Huh? Lets say each node is a page, and the book is 256 pages. I don't see why
the graph could be any (cyclic) or not graph? True, binary choices probably
makes it easier to make an easy, and natural feeling narrative - but I don't
see this as a hard limitation?

I mean, in the extreme case (with one very long first page) you could have a
"2-page" story with beginning, and 255 alternate endings? And you could modify
that, so that 254 lead back to the first page, with an additional hint...
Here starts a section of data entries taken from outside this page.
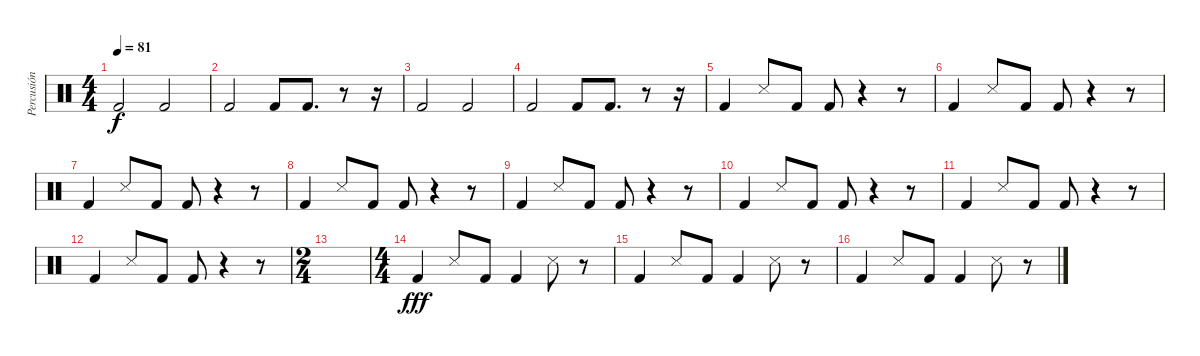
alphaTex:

\track ("Percusión" "Percusión") {instrument percussion}
\staff {score}
\articulation defaults
\ts (4 4)
\tempo 81
\clef neutral
\ks c "Kick (hit) 2".2{dy f} "Kick (hit) 2".2
|
"Kick (hit) 2".2 "Kick (hit) 2".8 "Kick (hit) 2".8{d} r.8 r.16 |
"Kick (hit) 2".2 "Kick (hit) 2".2 |
"Kick (hit) 2".2 "Kick (hit) 2".8 "Kick (hit) 2".8{d} r.8 r.16 |
"Kick (hit) 2".4 "Snare (side stick) 3".8 "Kick (hit) 2".8 "Kick (hit) 2".8 r.4 r.8 |
"Kick (hit) 2".4 "Snare (side stick) 3".8 "Kick (hit) 2".8 "Kick (hit) 2".8 r.4 r.8 |
"Kick (hit) 2".4 "Snare (side stick) 3".8 "Kick (hit) 2".8 "Kick (hit) 2".8 r.4 r.8 |
"Kick (hit) 2".4 "Snare (side stick) 3".8 "Kick (hit) 2".8 "Kick (hit) 2".8 r.4 r.8 |
"Kick (hit) 2".4 "Snare (side stick) 3".8 "Kick (hit) 2".8 "Kick (hit) 2".8 r.4 r.8 |
"Kick (hit) 2".4 "Snare (side stick) 3".8 "Kick (hit) 2".8 "Kick (hit) 2".8 r.4 r.8 |
"Kick (hit) 2".4 "Snare (side stick) 3".8 "Kick (hit) 2".8 "Kick (hit) 2".8 r.4 r.8 |
"Kick (hit) 2".4 "Snare (side stick) 3".8 "Kick (hit) 2".8 "Kick (hit) 2".8 r.4 r.8 |
\ts (2 4)
|
\ts (4 4)
"Kick (hit) 2".4{dy fff} "Snare (side stick) 3".8 "Kick (hit) 2".8 "Kick (hit) 2".4 "Snare (side stick) 3".8 r.8 |
"Kick (hit) 2".4 "Snare (side stick) 3".8 "Kick (hit) 2".8 "Kick (hit) 2".4 "Snare (side stick) 3".8 r.8 |
"Kick (hit) 2".4 "Snare (side stick) 3".8 "Kick (hit) 2".8 "Kick (hit) 2".4 "Snare (side stick) 3".8 r.8

[ed: See the map for "cup of death" for an actual book that uses "four road
fork".

It is curious that all of these concrete books seem to use binary choices. I
can't remember the CYA books I read when I was a kid (Author, name of series)
- but I seem to recall there was frequently three, four choices - often one or
more choice would loop back (often literally, as in a path that forked around
and led you back to an earlier fork in the road...).]

------
thinkingemote
When I was playing/reading these (e.g. Livingstone's) as a child I found a
pattern. Always choose the lower number if you are unsure. (Or higher if that
worked, and if it does work, stick with it). I'd like to compare those maps
now.

------
pfarnsworth
I bought Choose Your Own Adventure books when they first came out. I went
through my old book collection and it turns out I have Cave of Time, First
printing. Obviously worthless but still a testament to how memorable it was
for a kid.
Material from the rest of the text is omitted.